◆ **TASK ITEM**:
Where does the word "oriented" show up in the data? Please find each such line and copy it.

◆ **DATA FOR ANALYSIS**:
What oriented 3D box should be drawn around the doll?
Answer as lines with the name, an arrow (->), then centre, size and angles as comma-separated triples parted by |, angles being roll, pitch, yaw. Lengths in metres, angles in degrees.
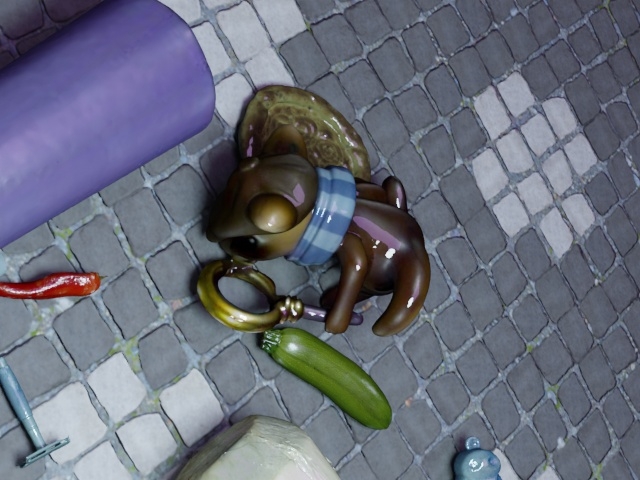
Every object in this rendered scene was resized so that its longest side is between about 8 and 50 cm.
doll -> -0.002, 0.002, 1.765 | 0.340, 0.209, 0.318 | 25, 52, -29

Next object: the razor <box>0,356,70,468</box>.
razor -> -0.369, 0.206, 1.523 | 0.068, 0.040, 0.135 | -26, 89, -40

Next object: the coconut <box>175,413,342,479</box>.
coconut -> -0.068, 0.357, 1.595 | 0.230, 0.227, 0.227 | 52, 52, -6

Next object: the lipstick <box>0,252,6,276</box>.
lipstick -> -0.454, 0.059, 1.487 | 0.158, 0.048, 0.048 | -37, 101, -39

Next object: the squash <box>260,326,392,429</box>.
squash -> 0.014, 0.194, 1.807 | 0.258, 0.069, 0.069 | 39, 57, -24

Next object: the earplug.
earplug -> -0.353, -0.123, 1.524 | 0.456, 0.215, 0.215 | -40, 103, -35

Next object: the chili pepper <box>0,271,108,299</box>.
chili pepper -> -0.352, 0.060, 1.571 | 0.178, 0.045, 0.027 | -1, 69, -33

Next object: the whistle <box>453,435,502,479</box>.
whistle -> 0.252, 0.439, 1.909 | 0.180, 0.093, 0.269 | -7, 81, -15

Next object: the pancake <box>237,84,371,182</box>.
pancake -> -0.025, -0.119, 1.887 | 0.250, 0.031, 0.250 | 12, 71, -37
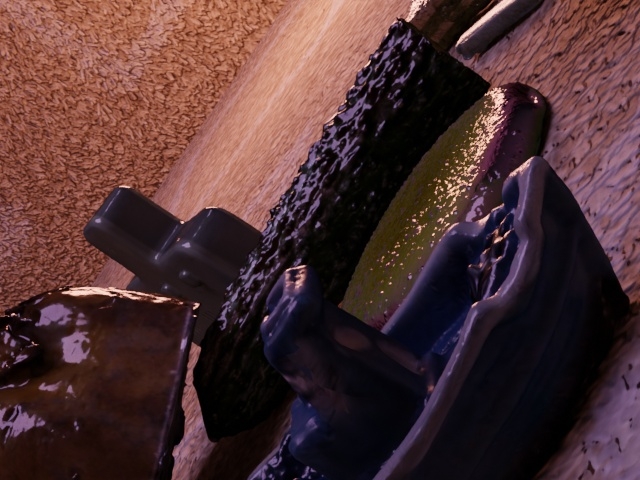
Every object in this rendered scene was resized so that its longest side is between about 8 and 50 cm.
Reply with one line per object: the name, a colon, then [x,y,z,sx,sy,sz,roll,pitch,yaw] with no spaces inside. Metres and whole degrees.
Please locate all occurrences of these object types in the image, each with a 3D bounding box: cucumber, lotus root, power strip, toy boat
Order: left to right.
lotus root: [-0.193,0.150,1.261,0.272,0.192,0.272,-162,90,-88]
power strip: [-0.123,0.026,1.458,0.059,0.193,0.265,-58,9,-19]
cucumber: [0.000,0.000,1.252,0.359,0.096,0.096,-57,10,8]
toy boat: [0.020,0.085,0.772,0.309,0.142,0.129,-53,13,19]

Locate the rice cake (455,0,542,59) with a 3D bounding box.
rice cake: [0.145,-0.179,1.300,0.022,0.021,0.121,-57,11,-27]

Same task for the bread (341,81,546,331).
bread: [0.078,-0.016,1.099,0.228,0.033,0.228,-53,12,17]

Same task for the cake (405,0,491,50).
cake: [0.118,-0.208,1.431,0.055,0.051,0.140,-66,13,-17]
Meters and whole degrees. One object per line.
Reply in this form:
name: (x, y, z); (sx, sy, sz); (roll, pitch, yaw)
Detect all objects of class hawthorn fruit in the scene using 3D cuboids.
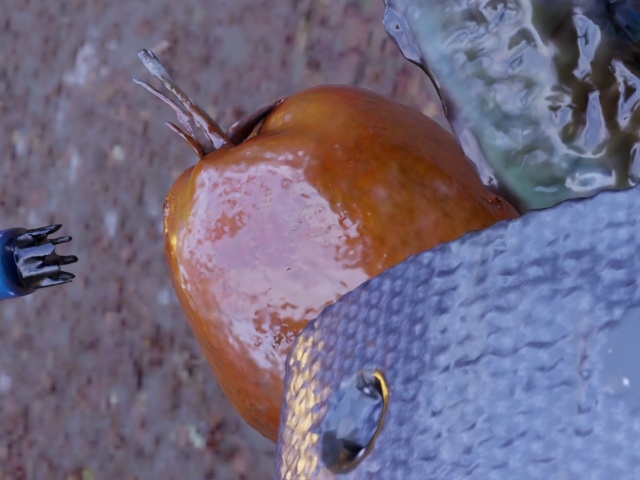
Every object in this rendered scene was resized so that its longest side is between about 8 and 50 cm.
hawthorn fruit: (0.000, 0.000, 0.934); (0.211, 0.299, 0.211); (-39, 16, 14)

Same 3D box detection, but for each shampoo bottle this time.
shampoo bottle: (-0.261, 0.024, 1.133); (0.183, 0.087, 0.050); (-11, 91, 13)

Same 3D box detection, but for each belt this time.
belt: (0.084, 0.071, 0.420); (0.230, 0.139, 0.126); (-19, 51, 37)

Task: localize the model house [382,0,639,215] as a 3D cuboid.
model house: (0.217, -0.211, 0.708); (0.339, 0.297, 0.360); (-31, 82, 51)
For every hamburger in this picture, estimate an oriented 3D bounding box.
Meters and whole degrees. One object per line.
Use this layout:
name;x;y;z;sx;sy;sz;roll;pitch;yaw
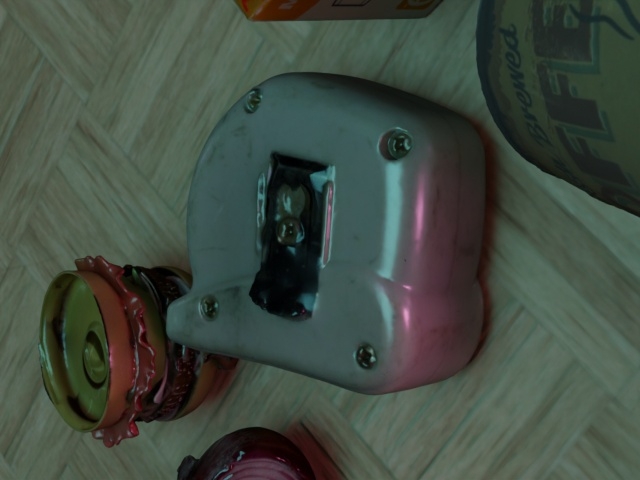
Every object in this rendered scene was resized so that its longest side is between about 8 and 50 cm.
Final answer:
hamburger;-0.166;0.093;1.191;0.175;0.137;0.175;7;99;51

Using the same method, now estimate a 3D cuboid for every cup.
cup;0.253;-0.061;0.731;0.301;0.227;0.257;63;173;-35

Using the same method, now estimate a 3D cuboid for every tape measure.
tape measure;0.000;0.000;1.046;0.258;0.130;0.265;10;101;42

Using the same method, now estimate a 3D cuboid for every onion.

* * *

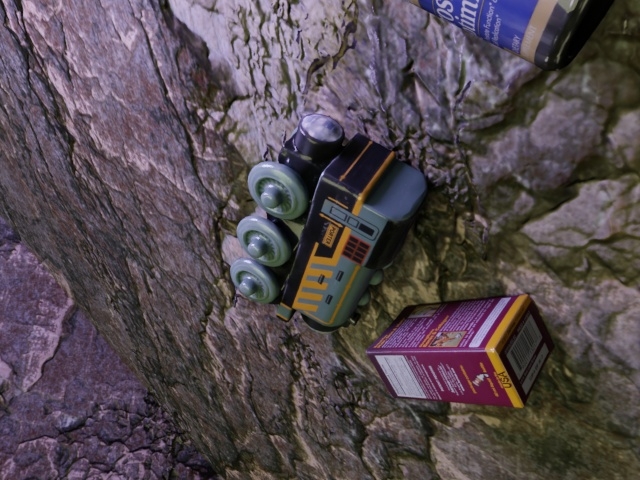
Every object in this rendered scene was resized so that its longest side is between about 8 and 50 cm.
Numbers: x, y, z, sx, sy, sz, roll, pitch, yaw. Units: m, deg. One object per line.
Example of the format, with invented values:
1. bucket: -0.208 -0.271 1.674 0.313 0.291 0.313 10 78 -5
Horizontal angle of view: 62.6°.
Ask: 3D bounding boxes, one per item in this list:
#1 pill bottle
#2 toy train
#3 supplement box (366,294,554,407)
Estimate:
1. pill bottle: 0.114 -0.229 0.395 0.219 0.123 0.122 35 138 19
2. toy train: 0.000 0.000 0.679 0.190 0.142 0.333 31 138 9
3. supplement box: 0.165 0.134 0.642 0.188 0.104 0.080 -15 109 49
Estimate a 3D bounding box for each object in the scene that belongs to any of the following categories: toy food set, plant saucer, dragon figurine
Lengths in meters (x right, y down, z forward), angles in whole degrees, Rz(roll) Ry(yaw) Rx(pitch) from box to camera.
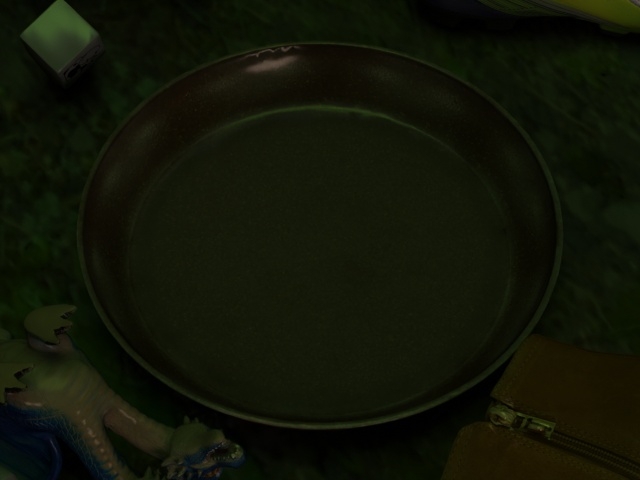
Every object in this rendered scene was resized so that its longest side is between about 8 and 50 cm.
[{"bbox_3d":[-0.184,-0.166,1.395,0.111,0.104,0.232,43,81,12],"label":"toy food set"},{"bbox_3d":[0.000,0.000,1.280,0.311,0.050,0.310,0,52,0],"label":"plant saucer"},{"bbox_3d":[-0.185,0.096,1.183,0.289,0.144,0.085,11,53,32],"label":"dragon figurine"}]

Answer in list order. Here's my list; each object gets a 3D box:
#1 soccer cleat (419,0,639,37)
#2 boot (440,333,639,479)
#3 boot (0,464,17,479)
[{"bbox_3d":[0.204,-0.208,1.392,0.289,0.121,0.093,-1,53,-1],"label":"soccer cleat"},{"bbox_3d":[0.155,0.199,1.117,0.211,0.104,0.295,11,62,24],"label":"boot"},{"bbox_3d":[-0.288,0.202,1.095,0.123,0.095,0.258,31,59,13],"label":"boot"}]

◆ **ANSWER FOR THE TASK**:
What oriented 3D box should be drawn around the doll?
For every hamburger in this picture, estimate an oriented 3D bounding box.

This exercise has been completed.